Udi started our discussion off by sharing his implementation of a headline generator with RNNs in Keras. Not only were the results on Buzzfeed data super cool-looking, it reinforced that I should really take a good look at Keras.

Matt took us through his novel-dating project once more and the whole group brainstormed other features to add to his machine learning model, sharing their own experiences. For example, Max has been doing some really neat authorship attribution stuff with blogs and Twitter and shared his findings from that.

It turns out that Steven worked on non-concatenative morphological segmentation with Tagalog infixes, which is similar to my dissertation work on segmenting Arabic morphology! Small world!

Burton and I discussed how to train a quote extractor from prose. Textacy currently includes one but relies on the quotes being more or less correctly formatted, but my data is kind of messy. We were talking about using his extractor as a baseline and getting people to annotate while reading, then training a CRF on the resultant corpus. Adam Palay also suggested some resources we could look at that might already have annotated corpora.

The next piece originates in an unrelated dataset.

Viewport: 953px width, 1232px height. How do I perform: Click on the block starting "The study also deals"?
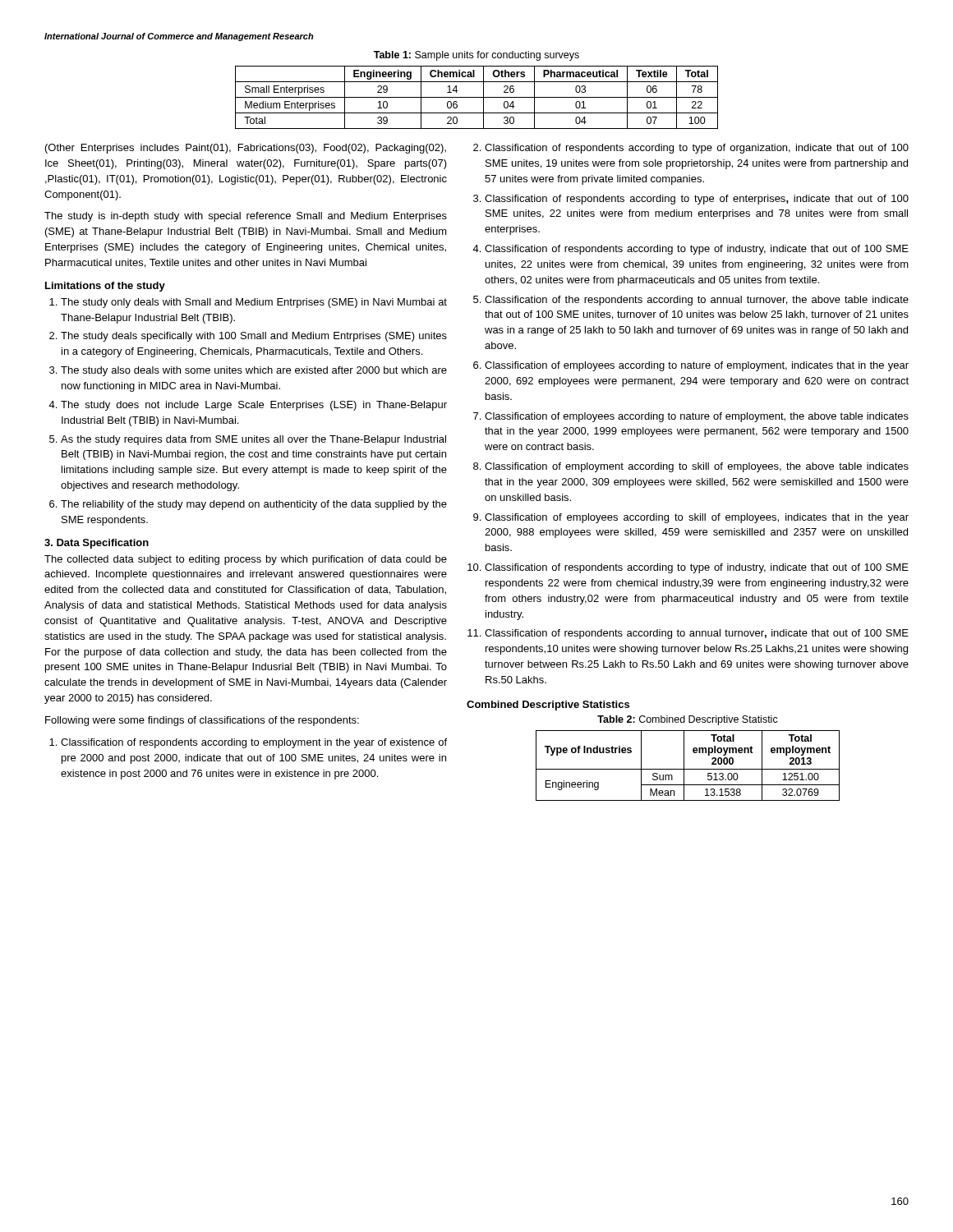point(254,378)
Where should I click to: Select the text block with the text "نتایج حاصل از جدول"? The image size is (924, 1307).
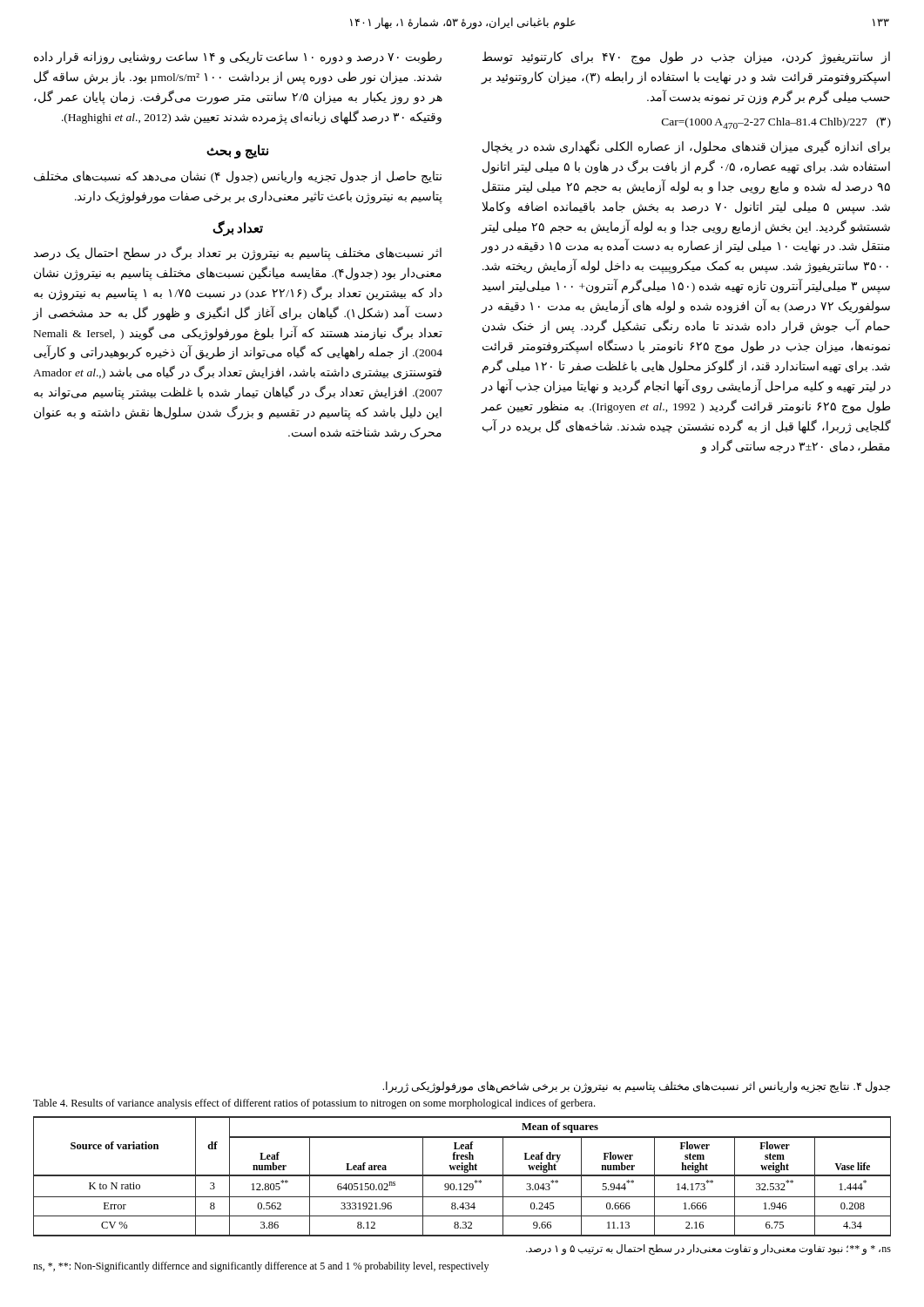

There was also general discussion of how to handle multilingual data, data ethics, and how to get started as a beginner.

Conclusion

As someone who’s generally shy about approaching strangers in the hallway, I’ve found that giving talks is a great way to get people to come talk to me instead. Of course, if you’re shy about public speaking, that can be just as bad…so running a BoF was the happy medium for me. I got to meet some great people and share ideas, which is basically the point of going to a conference.

So thanks to the BoF participants, to PyGotham organizers, and to Ray for making my weekend!